March 21, 2024 at 4:30 pm

Egyptian President Abdel Fattah el-Sisi meets EU Commission President, Ursula von der Leyen in Cairo, Egypt on March 17, 2023. [Egyptian Presidency / Handout – Anadolu Agency]

The recent $8 billion EU aid package and the IMF’s newly expanded $8bn programme raise concerns about the sustainability of Egypt’s external balance. Indeed, despite ongoing capital inflows from international lenders and donors, Egypt faces a persistent challenge of capital outflows. This stems from a long-term weakening trend in its international financial standing, driven primarily by chronic current account deficits. The question thus arises: are these injections merely delaying the inevitable, rather than stemming the internal haemorrhage?

In fact, Egypt’s current account deficit stems largely from a structural imbalance in merchandise trade, marked by stagnant exports and surging imports since 2008. This gap is widened further by repatriated profits and equity dividends from foreign direct investment, along with rising interest payments on foreign portfolio investments. While positive revenue from service exports, particularly tourism, and increased income from worker remittances and personal transfers provide some foreign currency inflow, these sources remain inadequate to cover the deficit fully.

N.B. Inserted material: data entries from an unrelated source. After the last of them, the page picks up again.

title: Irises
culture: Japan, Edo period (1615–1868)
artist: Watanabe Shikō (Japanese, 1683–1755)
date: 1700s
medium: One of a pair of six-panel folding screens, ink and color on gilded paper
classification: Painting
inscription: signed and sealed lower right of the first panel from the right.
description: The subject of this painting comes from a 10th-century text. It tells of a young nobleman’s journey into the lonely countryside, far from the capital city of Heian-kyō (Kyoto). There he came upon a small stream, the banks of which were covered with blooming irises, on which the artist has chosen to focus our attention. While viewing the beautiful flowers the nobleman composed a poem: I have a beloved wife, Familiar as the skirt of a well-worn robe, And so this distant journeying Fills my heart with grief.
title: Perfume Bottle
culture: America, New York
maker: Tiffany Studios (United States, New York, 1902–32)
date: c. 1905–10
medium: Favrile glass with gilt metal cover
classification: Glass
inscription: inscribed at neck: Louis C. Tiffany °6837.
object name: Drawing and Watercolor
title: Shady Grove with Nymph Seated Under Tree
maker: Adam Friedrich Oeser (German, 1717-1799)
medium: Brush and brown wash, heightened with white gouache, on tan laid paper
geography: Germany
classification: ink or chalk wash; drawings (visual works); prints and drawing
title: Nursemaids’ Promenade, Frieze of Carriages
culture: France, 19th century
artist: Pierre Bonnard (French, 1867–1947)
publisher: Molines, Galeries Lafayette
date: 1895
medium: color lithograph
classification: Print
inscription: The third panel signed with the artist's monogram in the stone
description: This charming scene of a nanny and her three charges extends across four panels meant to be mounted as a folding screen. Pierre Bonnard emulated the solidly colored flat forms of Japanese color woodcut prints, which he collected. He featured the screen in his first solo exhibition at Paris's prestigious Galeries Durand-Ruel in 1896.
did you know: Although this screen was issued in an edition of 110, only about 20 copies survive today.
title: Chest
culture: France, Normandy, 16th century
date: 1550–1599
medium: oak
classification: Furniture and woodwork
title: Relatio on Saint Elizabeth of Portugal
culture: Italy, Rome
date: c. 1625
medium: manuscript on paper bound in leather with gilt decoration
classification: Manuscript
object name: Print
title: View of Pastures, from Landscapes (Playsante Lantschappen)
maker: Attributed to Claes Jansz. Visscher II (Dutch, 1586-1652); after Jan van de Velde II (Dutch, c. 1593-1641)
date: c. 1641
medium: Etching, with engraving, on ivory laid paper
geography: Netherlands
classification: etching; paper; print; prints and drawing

Simply put, money received from Egyptians working abroad and foreign visitors isn’t enough to cover both food and commodity imports, along with payments owed on foreign investments.

READ: Egypt to get $6bn from World Bank over three years

Moreover, the continued depreciation of the Egyptian pound delivers a double blow. First, tradable and non-tradable goods are not necessarily perfect substitutes for Egyptian consumers. As a result, the desired quantity adjustment (reduced imports/increased exports) may not occur. Instead, the exchange rate depreciation has primarily led to price adjustments through inflation. This “exchange rate pass-through” effect further weakens the Egyptian economy by lowering household purchasing power.

Second, depreciation erodes the net wealth of both the private and public sectors by increasing the domestic value of their foreign-currency denominated liabilities. This “balance sheet effect” makes lenders more risk-averse, leading them to charge higher risk premiums on Egyptian external debt. The resulting higher interest payments strain Egypt’s external position further and widen the current account deficit.

The IMF and major donors recognise that large bailouts cannot staunch such haemorrhaging and that the problem lies in policymaking.

They also understand that these bailouts can generate moral hazard by incentivising lax fiscal and monetary policies, ultimately burdening Egyptian taxpayers. And this why the IMF typically conditions its ex-post safety nets on the prior implementation of ex-ante sound economic policies.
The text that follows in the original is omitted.